Delia was delirious when the doctor arrived and couldn’t be questioned about the baby. ‘She’s got childbed fever,’ the doctor pronounced. ‘She shouldn’t have got out of bed when she did. I said as much at the time.’
He fastened up his leather bag. ‘Just keep her quiet, plenty of cool drinks, we can do nothing more than that.’ He shook his head. ‘Foolish girl!’
He followed Mrs Jennings downstairs. ‘So what do you think has happened to the child? It will have to be reported to the authorities of course.’
Mr Drew came in for his morning drink. ‘What! You here again, Doctor?’ He glanced at Rosa and Mrs Jennings. ‘So who’s paying ’fee?’
‘Well, presumably not you, Mr Drew,’ the doctor answered coldly. ‘But if there is any difficulty I can waive it. It wouldn’t be the first time!’
James Drew sat down in his chair and Rosa hurried to make him a hot drink.
‘We’re concerned about the disappearance of the child’s body,’ the doctor said. ‘A report will have to be made if it isn’t found.’
‘Disappearance? I don’t know what you mean.’ Drew gazed unwaveringly at the doctor.
‘The child’s body has disappeared—’ the doctor began. ‘Surely you were told?’
‘I know nothing of it,’ Drew interrupted. ‘But it can’t have a Christian burial as it wasn’t baptized – so if it has disappeared—’ He shrugged nonchalantly as if the matter was of no consequence.

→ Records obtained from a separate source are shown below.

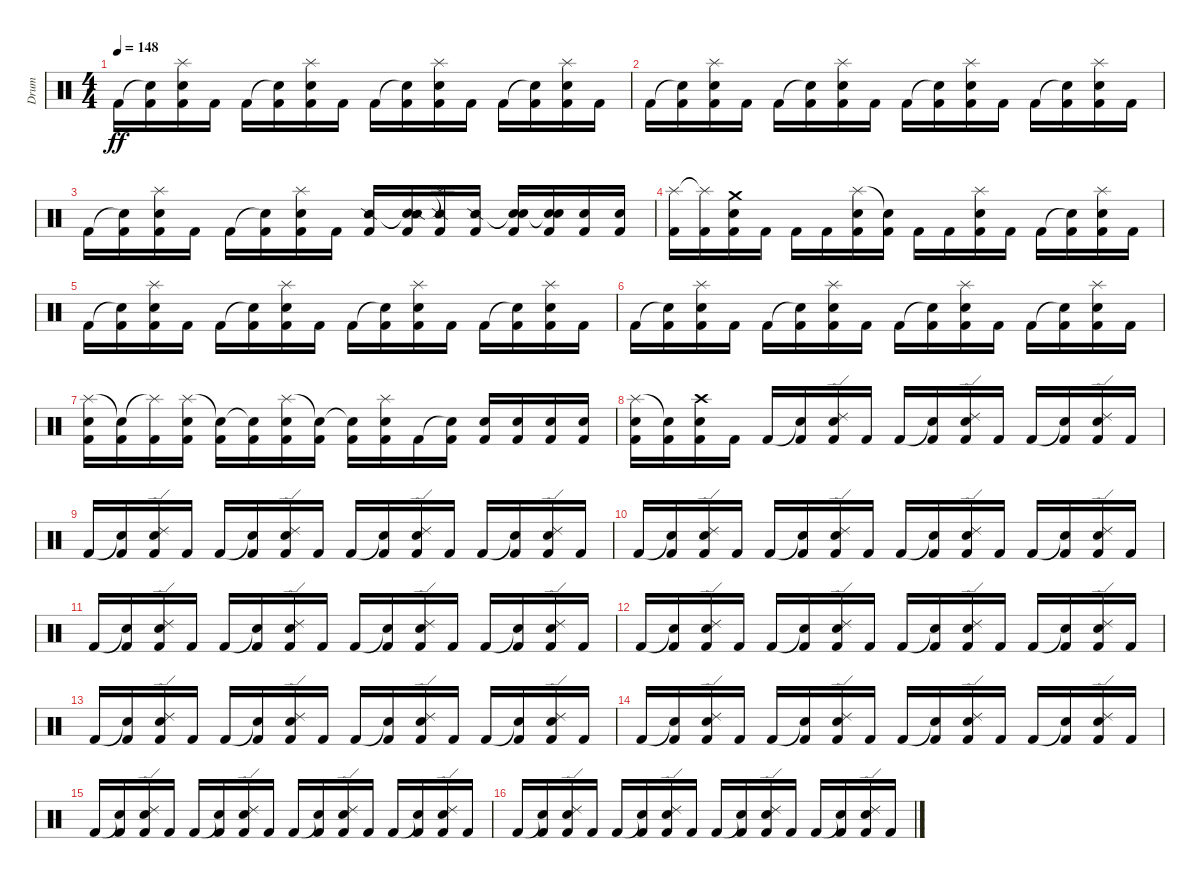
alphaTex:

\track ("Drum" "Drum") {instrument percussion}
\staff {score}
\articulation defaults
\ts (4 4)
\tempo 148
\clef neutral
\ks c "Kick (hit) 2".16{dy ff}
("Snare (hit)"{t} "Kick (hit) 2").16 ("Splash (hit)" "Snare (hit) 2" "Kick (hit) 2").16 "Kick (hit) 2".16 "Kick (hit) 2".16 ("Snare (hit)"{t} "Kick (hit) 2").16 ("Splash (hit)" "Snare (hit) 2" "Kick (hit) 2").16 "Kick (hit) 2".16 "Kick (hit) 2".16 ("Snare (hit)"{t} "Kick (hit) 2").16 ("Splash (hit)" "Snare (hit) 2" "Kick (hit) 2").16 "Kick (hit) 2".16 "Kick (hit) 2".16 ("Snare (hit)"{t} "Kick (hit) 2").16 ("Splash (hit)" "Snare (hit) 2" "Kick (hit) 2").16 "Kick (hit) 2".16 |
"Kick (hit) 2".16 ("Snare (hit)"{t} "Kick (hit) 2").16 ("Splash (hit)" "Snare (hit) 2" "Kick (hit) 2").16 "Kick (hit) 2".16 "Kick (hit) 2".16 ("Snare (hit)"{t} "Kick (hit) 2").16 ("Splash (hit)" "Snare (hit) 2" "Kick (hit) 2").16 "Kick (hit) 2".16 "Kick (hit) 2".16 ("Snare (hit)"{t} "Kick (hit) 2").16 ("Splash (hit)" "Snare (hit) 2" "Kick (hit) 2").16 "Kick (hit) 2".16 "Kick (hit) 2".16 ("Snare (hit)"{t} "Kick (hit) 2").16 ("Splash (hit)" "Snare (hit) 2" "Kick (hit) 2").16 "Kick (hit) 2".16 |
"Kick (hit) 2".16 ("Snare (hit)"{t} "Kick (hit) 2").16 ("Splash (hit)" "Snare (hit) 2" "Kick (hit) 2").16 "Kick (hit) 2".16 "Kick (hit) 2".16 ("Snare (hit)"{t} "Kick (hit) 2").16 ("Splash (hit)" "Snare (hit) 2" "Kick (hit) 2").16 "Kick (hit) 2".16 ("Snare (side stick) 2" "Kick (hit) 2").16 ("Snare (hit)"{t} "Snare (side stick) 2" "Kick (hit) 2").16 ("Splash (hit)"{t} "Snare (side stick) 2" "Kick (hit) 2").16 ("Snare (side stick) 2" "Kick (hit) 2").16 ("Snare (hit)"{t} "Snare (hit) 2" "Kick (hit) 2").16 ("Snare (hit)"{t} "Snare (hit) 2" "Kick (hit) 2").16 ("Snare (hit) 2" "Kick (hit) 2").16 ("Snare (hit) 2" "Kick (hit) 2").16 |
("Splash (hit)" "Kick (hit) 2").16 ("Splash (hit)"{t} "Kick (hit) 2").16 ("Crash medium (hit)" "Snare (hit) 2" "Kick (hit) 2").16 "Kick (hit) 2".16 "Kick (hit) 2".16 "Kick (hit) 2".16 ("Splash (hit)" "Snare (hit) 2" "Kick (hit) 2").16 ("Snare (hit) 2"{t} "Kick (hit) 2").16 "Kick (hit) 2".16 "Kick (hit) 2".16 ("Splash (hit)" "Snare (hit) 2" "Kick (hit) 2").16 "Kick (hit) 2".16 "Kick (hit) 2".16 ("Snare (hit)"{t} "Kick (hit) 2").16 ("Splash (hit)" "Snare (hit) 2" "Kick (hit) 2").16 "Kick (hit) 2".16 |
"Kick (hit) 2".16 ("Snare (hit)"{t} "Kick (hit) 2").16 ("Splash (hit)" "Snare (hit) 2" "Kick (hit) 2").16 "Kick (hit) 2".16 "Kick (hit) 2".16 ("Snare (hit)"{t} "Kick (hit) 2").16 ("Splash (hit)" "Snare (hit) 2" "Kick (hit) 2").16 "Kick (hit) 2".16 "Kick (hit) 2".16 ("Snare (hit)"{t} "Kick (hit) 2").16 ("Splash (hit)" "Snare (hit) 2" "Kick (hit) 2").16 "Kick (hit) 2".16 "Kick (hit) 2".16 ("Snare (hit)"{t} "Kick (hit) 2").16 ("Splash (hit)" "Snare (hit) 2" "Kick (hit) 2").16 "Kick (hit) 2".16 |
"Kick (hit) 2".16 ("Snare (hit)"{t} "Kick (hit) 2").16 ("Splash (hit)" "Snare (hit) 2" "Kick (hit) 2").16 "Kick (hit) 2".16 "Kick (hit) 2".16 ("Snare (hit)"{t} "Kick (hit) 2").16 ("Splash (hit)" "Snare (hit) 2" "Kick (hit) 2").16 "Kick (hit) 2".16 "Kick (hit) 2".16 ("Snare (hit)"{t} "Kick (hit) 2").16 ("Splash (hit)" "Snare (hit) 2" "Kick (hit) 2").16 "Kick (hit) 2".16 "Kick (hit) 2".16 ("Snare (hit)"{t} "Kick (hit) 2").16 ("Splash (hit)" "Snare (hit) 2" "Kick (hit) 2").16 "Kick (hit) 2".16 |
("Splash (hit)" "Snare (hit) 2" "Kick (hit) 2").16 ("Snare (hit)"{t} "Kick (hit) 2").16 ("Splash (hit)"{t} "Kick (hit) 2").16 ("Splash (hit)" "Snare (hit) 2" "Kick (hit) 2").16 ("Snare (hit)"{t} "Kick (hit) 2").16 ("Snare (hit)"{t} "Kick (hit) 2").16 ("Splash (hit)" "Snare (hit) 2" "Kick (hit) 2").16 ("Snare (hit)"{t} "Kick (hit) 2").16 ("Snare (hit)"{t} "Kick (hit) 2").16 ("Splash (hit)" "Snare (hit) 2" "Kick (hit) 2").16 "Kick (hit) 2".16 ("Snare (hit)"{t} "Kick (hit) 2").16 ("Snare (hit) 2" "Kick (hit) 2").16 ("Snare (hit) 2" "Kick (hit) 2").16 ("Snare (hit) 2" "Kick (hit) 2").16 ("Snare (hit) 2" "Kick (hit) 2").16 |
("Splash (hit)" "Snare (hit) 2" "Kick (hit) 2").16 ("Snare (hit)"{t} "Kick (hit) 2").16 ("Crash high (hit)" "Snare (hit) 2" "Kick (hit) 2").16 "Kick (hit) 2".16 "Kick (hit) 2".16 ("Snare (hit)"{t} "Kick (hit) 2").16 ("Ride (edge) 2" "Snare (hit) 2" "Kick (hit) 2").16 "Kick (hit) 2".16 "Kick (hit) 2".16 ("Snare (hit)"{t} "Kick (hit) 2").16 ("Ride (edge) 2" "Snare (hit) 2" "Kick (hit) 2").16 "Kick (hit) 2".16 "Kick (hit) 2".16 ("Snare (hit)"{t} "Kick (hit) 2").16 ("Ride (edge) 2" "Snare (hit) 2" "Kick (hit) 2").16 "Kick (hit) 2".16 |
"Kick (hit) 2".16 ("Snare (hit)"{t} "Kick (hit) 2").16 ("Ride (edge) 2" "Snare (hit) 2" "Kick (hit) 2").16 "Kick (hit) 2".16 "Kick (hit) 2".16 ("Snare (hit)"{t} "Kick (hit) 2").16 ("Ride (edge) 2" "Snare (hit) 2" "Kick (hit) 2").16 "Kick (hit) 2".16 "Kick (hit) 2".16 ("Snare (hit)"{t} "Kick (hit) 2").16 ("Ride (edge) 2" "Snare (hit) 2" "Kick (hit) 2").16 "Kick (hit) 2".16 "Kick (hit) 2".16 ("Snare (hit)"{t} "Kick (hit) 2").16 ("Ride (edge) 2" "Snare (hit) 2" "Kick (hit) 2").16 "Kick (hit) 2".16 |
"Kick (hit) 2".16 ("Snare (hit)"{t} "Kick (hit) 2").16 ("Ride (edge) 2" "Snare (hit) 2" "Kick (hit) 2").16 "Kick (hit) 2".16 "Kick (hit) 2".16 ("Snare (hit)"{t} "Kick (hit) 2").16 ("Ride (edge) 2" "Snare (hit) 2" "Kick (hit) 2").16 "Kick (hit) 2".16 "Kick (hit) 2".16 ("Snare (hit)"{t} "Kick (hit) 2").16 ("Ride (edge) 2" "Snare (hit) 2" "Kick (hit) 2").16 "Kick (hit) 2".16 "Kick (hit) 2".16 ("Snare (hit)"{t} "Kick (hit) 2").16 ("Ride (edge) 2" "Snare (hit) 2" "Kick (hit) 2").16 "Kick (hit) 2".16 |
"Kick (hit) 2".16 ("Snare (hit)"{t} "Kick (hit) 2").16 ("Ride (edge) 2" "Snare (hit) 2" "Kick (hit) 2").16 "Kick (hit) 2".16 "Kick (hit) 2".16 ("Snare (hit)"{t} "Kick (hit) 2").16 ("Ride (edge) 2" "Snare (hit) 2" "Kick (hit) 2").16 "Kick (hit) 2".16 "Kick (hit) 2".16 ("Snare (hit)"{t} "Kick (hit) 2").16 ("Ride (edge) 2" "Snare (hit) 2" "Kick (hit) 2").16 "Kick (hit) 2".16 "Kick (hit) 2".16 ("Snare (hit)"{t} "Kick (hit) 2").16 ("Ride (edge) 2" "Snare (hit) 2" "Kick (hit) 2").16 "Kick (hit) 2".16 |
"Kick (hit) 2".16 ("Snare (hit)"{t} "Kick (hit) 2").16 ("Ride (edge) 2" "Snare (hit) 2" "Kick (hit) 2").16 "Kick (hit) 2".16 "Kick (hit) 2".16 ("Snare (hit)"{t} "Kick (hit) 2").16 ("Ride (edge) 2" "Snare (hit) 2" "Kick (hit) 2").16 "Kick (hit) 2".16 "Kick (hit) 2".16 ("Snare (hit)"{t} "Kick (hit) 2").16 ("Ride (edge) 2" "Snare (hit) 2" "Kick (hit) 2").16 "Kick (hit) 2".16 "Kick (hit) 2".16 ("Snare (hit)"{t} "Kick (hit) 2").16 ("Ride (edge) 2" "Snare (hit) 2" "Kick (hit) 2").16 "Kick (hit) 2".16 |
"Kick (hit) 2".16 ("Snare (hit)"{t} "Kick (hit) 2").16 ("Ride (edge) 2" "Snare (hit) 2" "Kick (hit) 2").16 "Kick (hit) 2".16 "Kick (hit) 2".16 ("Snare (hit)"{t} "Kick (hit) 2").16 ("Ride (edge) 2" "Snare (hit) 2" "Kick (hit) 2").16 "Kick (hit) 2".16 "Kick (hit) 2".16 ("Snare (hit)"{t} "Kick (hit) 2").16 ("Ride (edge) 2" "Snare (hit) 2" "Kick (hit) 2").16 "Kick (hit) 2".16 "Kick (hit) 2".16 ("Snare (hit)"{t} "Kick (hit) 2").16 ("Ride (edge) 2" "Snare (hit) 2" "Kick (hit) 2").16 "Kick (hit) 2".16 |
"Kick (hit) 2".16 ("Snare (hit)"{t} "Kick (hit) 2").16 ("Ride (edge) 2" "Snare (hit) 2" "Kick (hit) 2").16 "Kick (hit) 2".16 "Kick (hit) 2".16 ("Snare (hit)"{t} "Kick (hit) 2").16 ("Ride (edge) 2" "Snare (hit) 2" "Kick (hit) 2").16 "Kick (hit) 2".16 "Kick (hit) 2".16 ("Snare (hit)"{t} "Kick (hit) 2").16 ("Ride (edge) 2" "Snare (hit) 2" "Kick (hit) 2").16 "Kick (hit) 2".16 "Kick (hit) 2".16 ("Snare (hit)"{t} "Kick (hit) 2").16 ("Ride (edge) 2" "Snare (hit) 2" "Kick (hit) 2").16 "Kick (hit) 2".16 |
"Kick (hit) 2".16 ("Snare (hit)"{t} "Kick (hit) 2").16 ("Ride (edge) 2" "Snare (hit) 2" "Kick (hit) 2").16 "Kick (hit) 2".16 "Kick (hit) 2".16 ("Snare (hit)"{t} "Kick (hit) 2").16 ("Ride (edge) 2" "Snare (hit) 2" "Kick (hit) 2").16 "Kick (hit) 2".16 "Kick (hit) 2".16 ("Snare (hit)"{t} "Kick (hit) 2").16 ("Ride (edge) 2" "Snare (hit) 2" "Kick (hit) 2").16 "Kick (hit) 2".16 "Kick (hit) 2".16 ("Snare (hit)"{t} "Kick (hit) 2").16 ("Ride (edge) 2" "Snare (hit) 2" "Kick (hit) 2").16 "Kick (hit) 2".16 |
"Kick (hit) 2".16 ("Snare (hit)"{t} "Kick (hit) 2").16 ("Ride (edge) 2" "Snare (hit) 2" "Kick (hit) 2").16 "Kick (hit) 2".16 "Kick (hit) 2".16 ("Snare (hit)"{t} "Kick (hit) 2").16 ("Ride (edge) 2" "Snare (hit) 2" "Kick (hit) 2").16 "Kick (hit) 2".16 "Kick (hit) 2".16 ("Snare (hit)"{t} "Kick (hit) 2").16 ("Ride (edge) 2" "Snare (hit) 2" "Kick (hit) 2").16 "Kick (hit) 2".16 "Kick (hit) 2".16 ("Snare (hit)"{t} "Kick (hit) 2").16 ("Ride (edge) 2" "Snare (hit) 2" "Kick (hit) 2").16 "Kick (hit) 2".16

‘A report will have to be made to the authorities.’ The doctor’s voice was icy. ‘A child was born, has died and has now disappeared. Someone must know where it is! It is an offence,’ he added, ‘to conceal a body, even that of a newborn child.’
As Rosa gave Mr Drew his drink she thought that he paled, and he brushed the palms of his hands together. ‘Surely not a bastard child?’ he questioned, sarcasm in his tone.
‘Even so.’
‘Then you’d better question its mother,’ James Drew said abruptly. ‘She’s onny one likely to know about it.’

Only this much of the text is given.